Description of the task: Copy out all lines from the material that contain the string "cuboid".
======== Material provided ========
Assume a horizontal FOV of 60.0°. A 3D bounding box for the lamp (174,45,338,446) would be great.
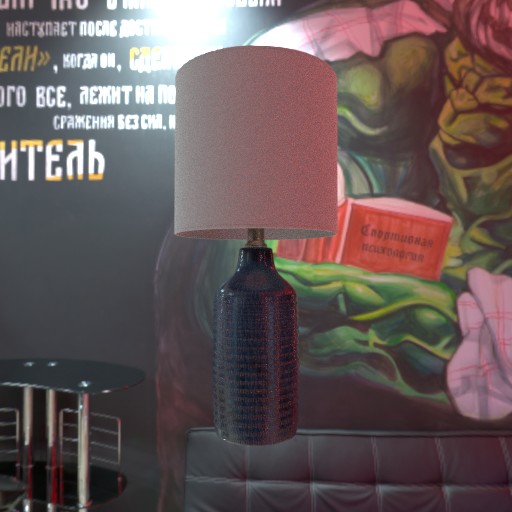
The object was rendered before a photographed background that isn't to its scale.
[{"bbox_3d":[0.000,0.000,0.608,0.220,0.475,0.220,-1,-2,35],"label":"lamp"}]
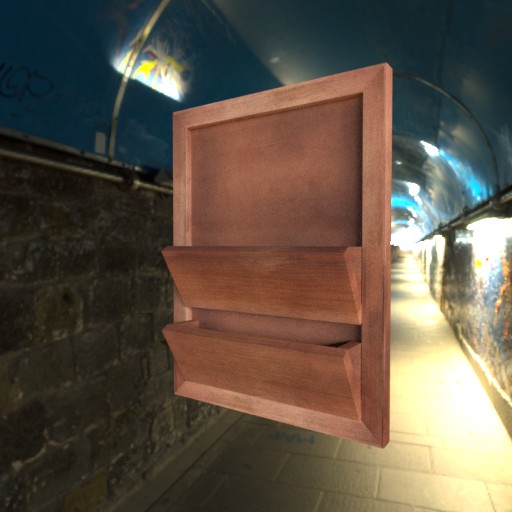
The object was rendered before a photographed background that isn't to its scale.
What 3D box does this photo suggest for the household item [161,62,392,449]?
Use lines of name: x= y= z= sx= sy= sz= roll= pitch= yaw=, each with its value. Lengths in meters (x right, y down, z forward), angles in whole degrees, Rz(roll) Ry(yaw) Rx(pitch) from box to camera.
household item: x=0.000 y=0.000 z=0.541 sx=0.310 sy=0.407 sz=0.067 roll=1 pitch=2 yaw=34
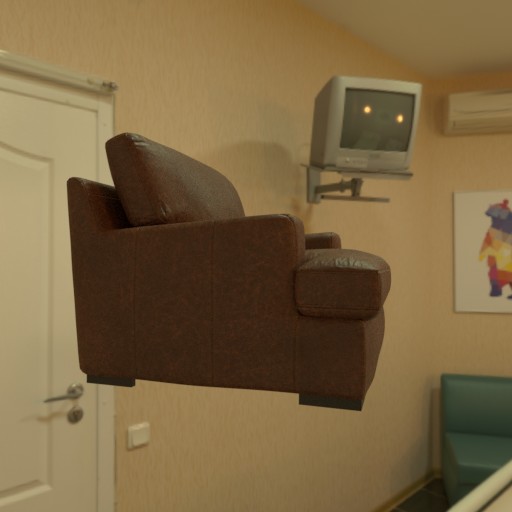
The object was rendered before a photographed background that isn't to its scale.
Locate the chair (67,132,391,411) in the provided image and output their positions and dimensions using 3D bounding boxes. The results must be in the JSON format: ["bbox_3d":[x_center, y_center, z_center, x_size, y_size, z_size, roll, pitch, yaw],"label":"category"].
[{"bbox_3d":[0.000,0.000,1.986,1.143,0.939,1.168,0,-1,18],"label":"chair"}]
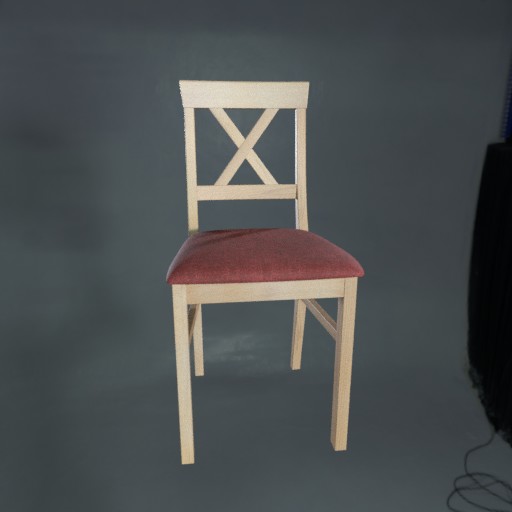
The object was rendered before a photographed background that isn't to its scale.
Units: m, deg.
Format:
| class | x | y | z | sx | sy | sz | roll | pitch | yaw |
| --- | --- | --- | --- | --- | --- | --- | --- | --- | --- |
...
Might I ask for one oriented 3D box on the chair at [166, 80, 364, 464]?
| class | x | y | z | sx | sy | sz | roll | pitch | yaw |
| --- | --- | --- | --- | --- | --- | --- | --- | --- | --- |
| chair | 0.000 | 0.000 | 1.178 | 0.439 | 0.912 | 0.492 | -2 | 16 | -7 |
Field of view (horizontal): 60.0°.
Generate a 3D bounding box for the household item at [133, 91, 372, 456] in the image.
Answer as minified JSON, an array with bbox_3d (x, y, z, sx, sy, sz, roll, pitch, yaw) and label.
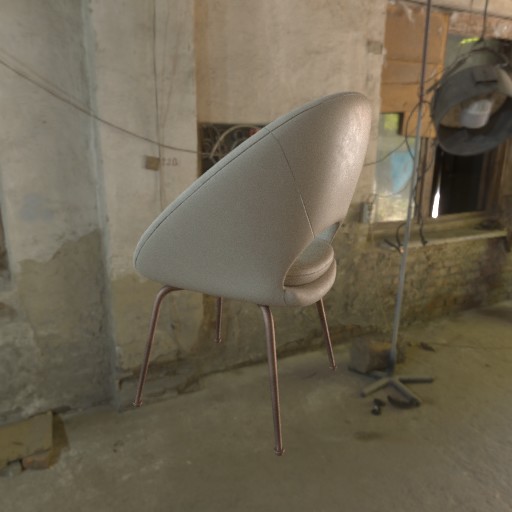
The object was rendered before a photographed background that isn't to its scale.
[{"bbox_3d":[0.000,0.000,1.252,0.573,0.852,0.623,8,18,25],"label":"household item"}]
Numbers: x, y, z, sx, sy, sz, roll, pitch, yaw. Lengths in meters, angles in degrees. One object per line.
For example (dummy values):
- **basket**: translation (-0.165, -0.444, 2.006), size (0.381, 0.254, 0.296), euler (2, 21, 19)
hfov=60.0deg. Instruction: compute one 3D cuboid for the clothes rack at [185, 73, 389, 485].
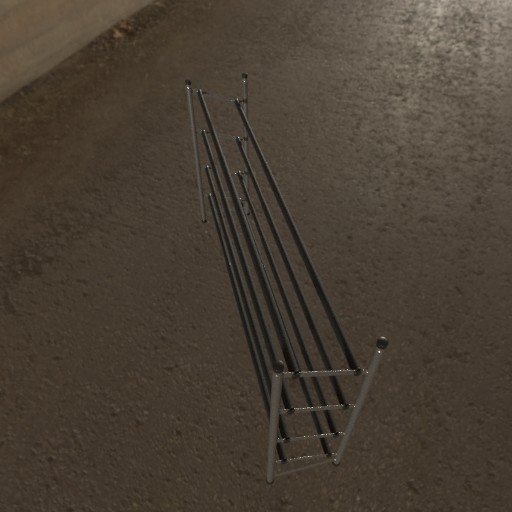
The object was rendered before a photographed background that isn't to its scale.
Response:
- **clothes rack**: translation (0.000, 0.000, 1.439), size (0.229, 0.672, 1.168), euler (-10, 48, -10)
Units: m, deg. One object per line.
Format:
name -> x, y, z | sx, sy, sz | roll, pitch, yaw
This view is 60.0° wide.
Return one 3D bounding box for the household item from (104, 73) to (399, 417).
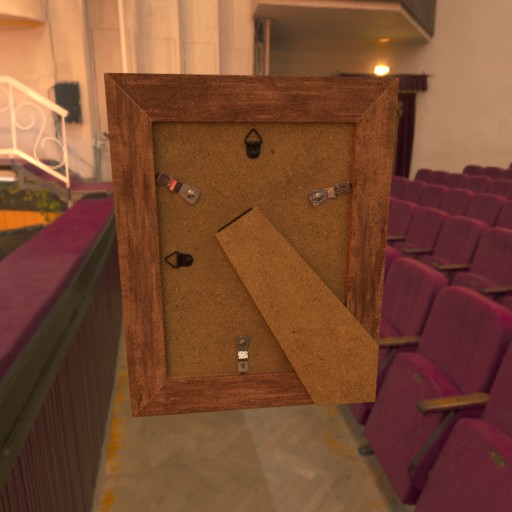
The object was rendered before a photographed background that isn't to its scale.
household item -> 0.000, 0.000, 0.313 | 0.186, 0.237, 0.018 | -2, 15, -7
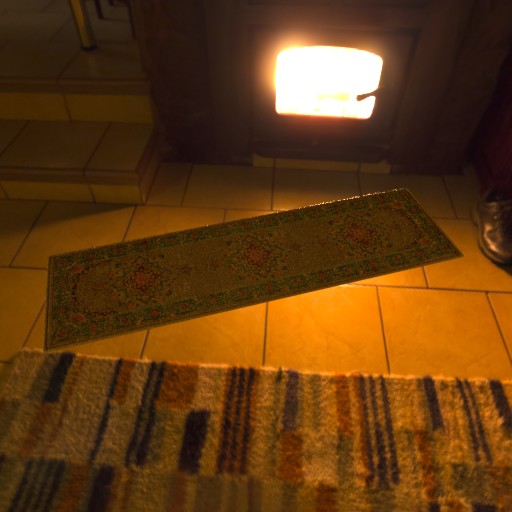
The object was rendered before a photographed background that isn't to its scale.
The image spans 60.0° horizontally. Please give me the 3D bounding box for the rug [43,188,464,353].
[{"bbox_3d":[0.000,0.000,2.540,2.297,0.019,0.659,-12,48,-11],"label":"rug"}]
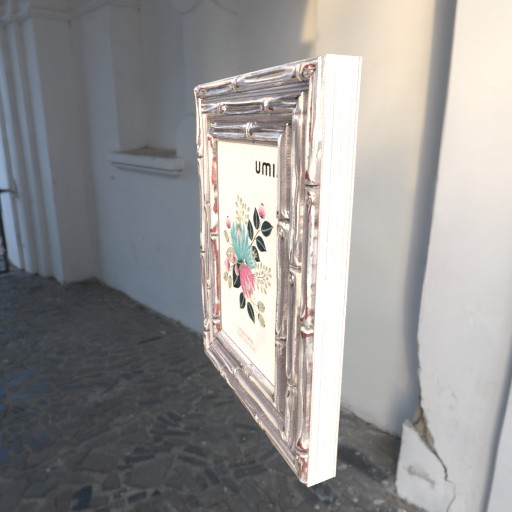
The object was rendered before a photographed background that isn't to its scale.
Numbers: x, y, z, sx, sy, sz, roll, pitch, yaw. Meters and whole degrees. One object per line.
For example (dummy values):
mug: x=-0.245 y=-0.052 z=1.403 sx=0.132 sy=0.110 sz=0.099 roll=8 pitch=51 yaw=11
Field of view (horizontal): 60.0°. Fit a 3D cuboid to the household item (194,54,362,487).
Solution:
household item: x=0.000 y=0.000 z=0.284 sx=0.025 sy=0.216 sz=0.165 roll=-8 pitch=18 yaw=-24
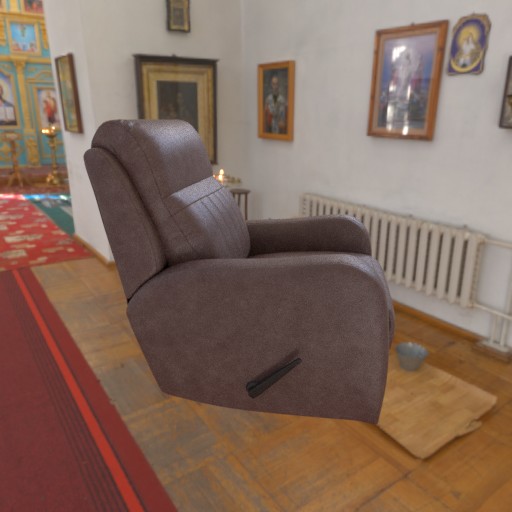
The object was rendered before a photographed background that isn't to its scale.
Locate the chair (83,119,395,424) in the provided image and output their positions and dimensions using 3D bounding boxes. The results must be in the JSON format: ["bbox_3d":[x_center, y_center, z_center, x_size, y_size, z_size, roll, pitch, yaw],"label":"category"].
[{"bbox_3d":[0.000,0.000,1.802,1.067,1.067,0.865,3,17,10],"label":"chair"}]
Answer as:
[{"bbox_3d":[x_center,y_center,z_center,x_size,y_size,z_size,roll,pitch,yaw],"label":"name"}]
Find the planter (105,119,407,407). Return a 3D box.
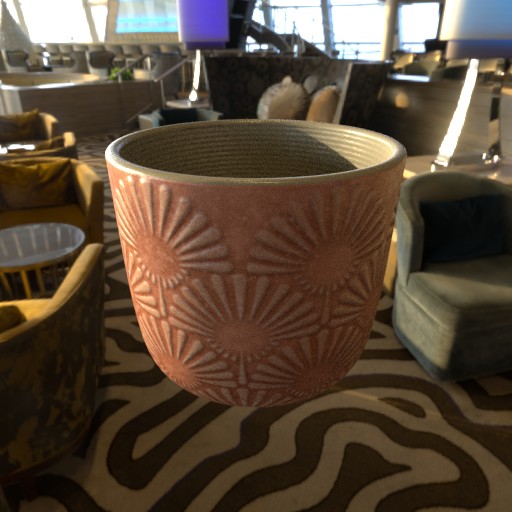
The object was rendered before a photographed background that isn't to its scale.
[{"bbox_3d":[0.000,0.000,0.213,0.124,0.109,0.124,0,26,0],"label":"planter"}]
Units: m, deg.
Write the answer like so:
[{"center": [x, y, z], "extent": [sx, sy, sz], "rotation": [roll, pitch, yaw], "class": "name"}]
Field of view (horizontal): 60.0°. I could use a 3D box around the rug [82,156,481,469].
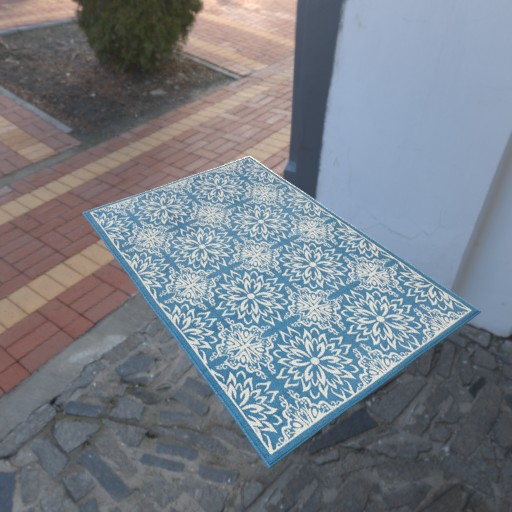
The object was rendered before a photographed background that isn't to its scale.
[{"center": [0.000, 0.000, 3.497], "extent": [1.830, 0.018, 2.769], "rotation": [-25, 46, -26], "class": "rug"}]
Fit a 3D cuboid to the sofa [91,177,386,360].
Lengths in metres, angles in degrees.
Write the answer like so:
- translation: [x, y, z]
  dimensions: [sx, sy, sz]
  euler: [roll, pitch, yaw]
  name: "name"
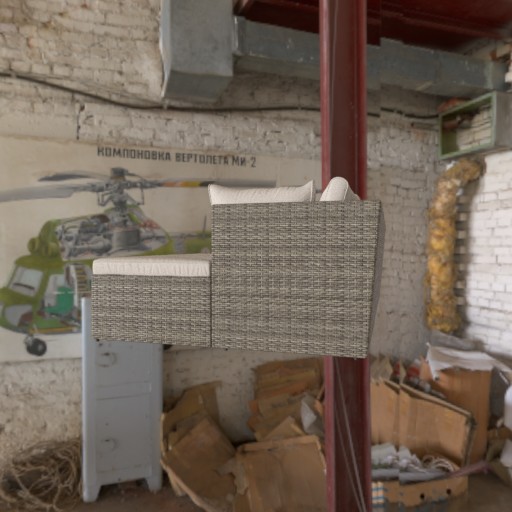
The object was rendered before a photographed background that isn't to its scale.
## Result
- translation: [0.000, 0.000, 2.984]
  dimensions: [1.662, 0.766, 2.192]
  euler: [0, 1, 17]
  name: "sofa"
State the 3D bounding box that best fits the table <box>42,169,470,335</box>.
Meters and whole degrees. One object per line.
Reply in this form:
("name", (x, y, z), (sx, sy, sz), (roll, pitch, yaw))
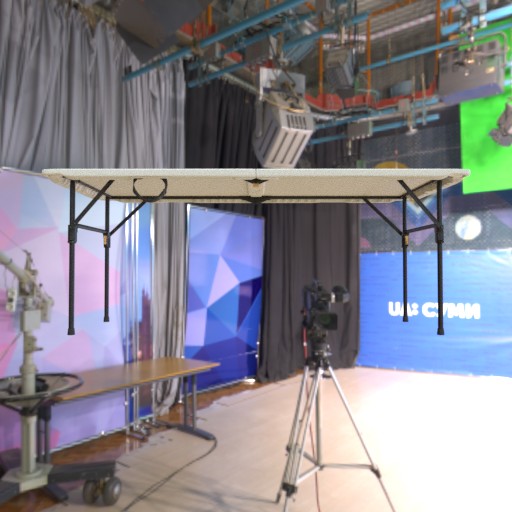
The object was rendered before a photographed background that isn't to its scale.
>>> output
("table", (0.000, 0.000, 2.229), (1.829, 0.719, 0.761), (0, -1, 0))
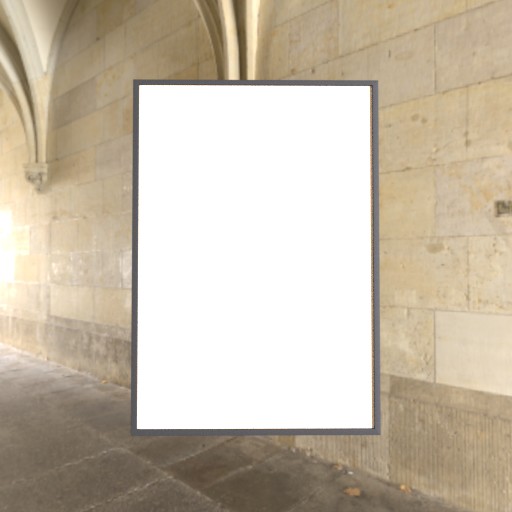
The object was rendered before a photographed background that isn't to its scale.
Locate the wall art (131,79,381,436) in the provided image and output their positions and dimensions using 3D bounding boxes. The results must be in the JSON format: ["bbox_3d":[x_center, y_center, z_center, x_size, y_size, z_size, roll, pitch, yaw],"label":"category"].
[{"bbox_3d":[0.000,0.000,0.825,0.457,0.657,0.013,0,-1,-1],"label":"wall art"}]
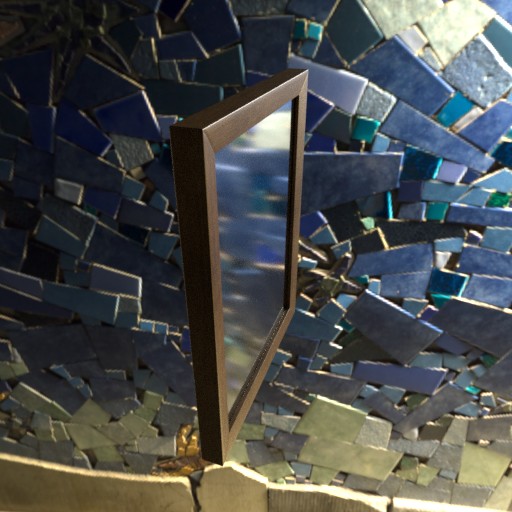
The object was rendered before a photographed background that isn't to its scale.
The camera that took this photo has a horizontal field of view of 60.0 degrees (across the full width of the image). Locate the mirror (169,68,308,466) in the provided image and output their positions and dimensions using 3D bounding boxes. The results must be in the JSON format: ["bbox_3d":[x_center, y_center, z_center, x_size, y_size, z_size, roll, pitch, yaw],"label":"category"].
[{"bbox_3d":[0.000,0.000,0.711,0.041,0.508,0.405,10,32,17],"label":"mirror"}]
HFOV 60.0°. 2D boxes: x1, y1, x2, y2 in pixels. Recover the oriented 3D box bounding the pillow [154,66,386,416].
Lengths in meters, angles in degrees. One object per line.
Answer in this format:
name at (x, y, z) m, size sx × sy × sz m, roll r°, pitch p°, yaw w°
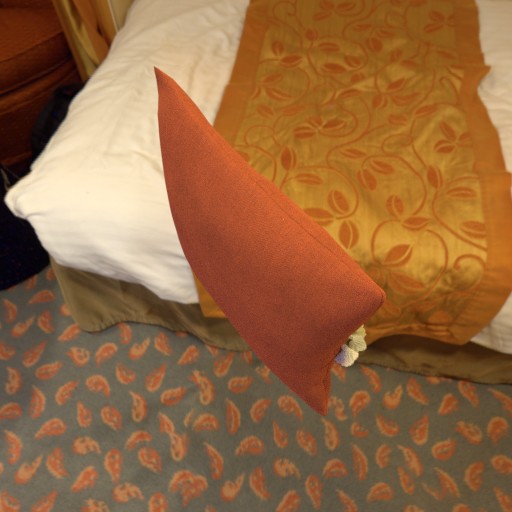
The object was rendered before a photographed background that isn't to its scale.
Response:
pillow at (0.000, 0.000, 0.749) m, size 0.165 × 0.482 × 0.490 m, roll -31°, pitch 63°, yaw -18°
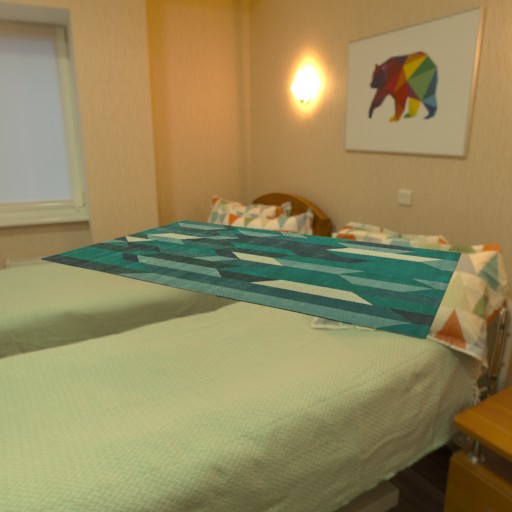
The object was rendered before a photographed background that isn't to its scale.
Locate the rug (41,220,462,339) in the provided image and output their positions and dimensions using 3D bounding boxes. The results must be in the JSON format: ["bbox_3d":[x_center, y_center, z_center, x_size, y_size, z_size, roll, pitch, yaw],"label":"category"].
[{"bbox_3d":[0.000,0.000,3.003,2.420,0.005,1.528,9,18,28],"label":"rug"}]
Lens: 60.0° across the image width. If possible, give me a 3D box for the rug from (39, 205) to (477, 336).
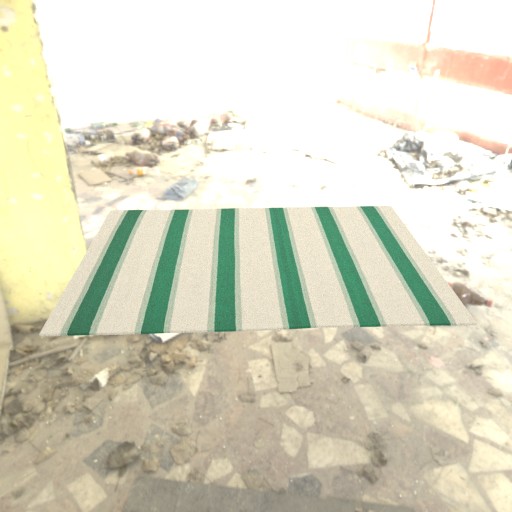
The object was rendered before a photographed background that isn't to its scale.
========
Solution to this task:
hfov=60.0deg. Instruction: compute one 3D cuboid for the clothes rack at [185, 73, 389, 485].
Field of view (horizontal): 60.0°. Fit a 3D cuboid to the household item (194,54,362,487).
Fit a 3D cuboid to the sofa [91,177,386,360].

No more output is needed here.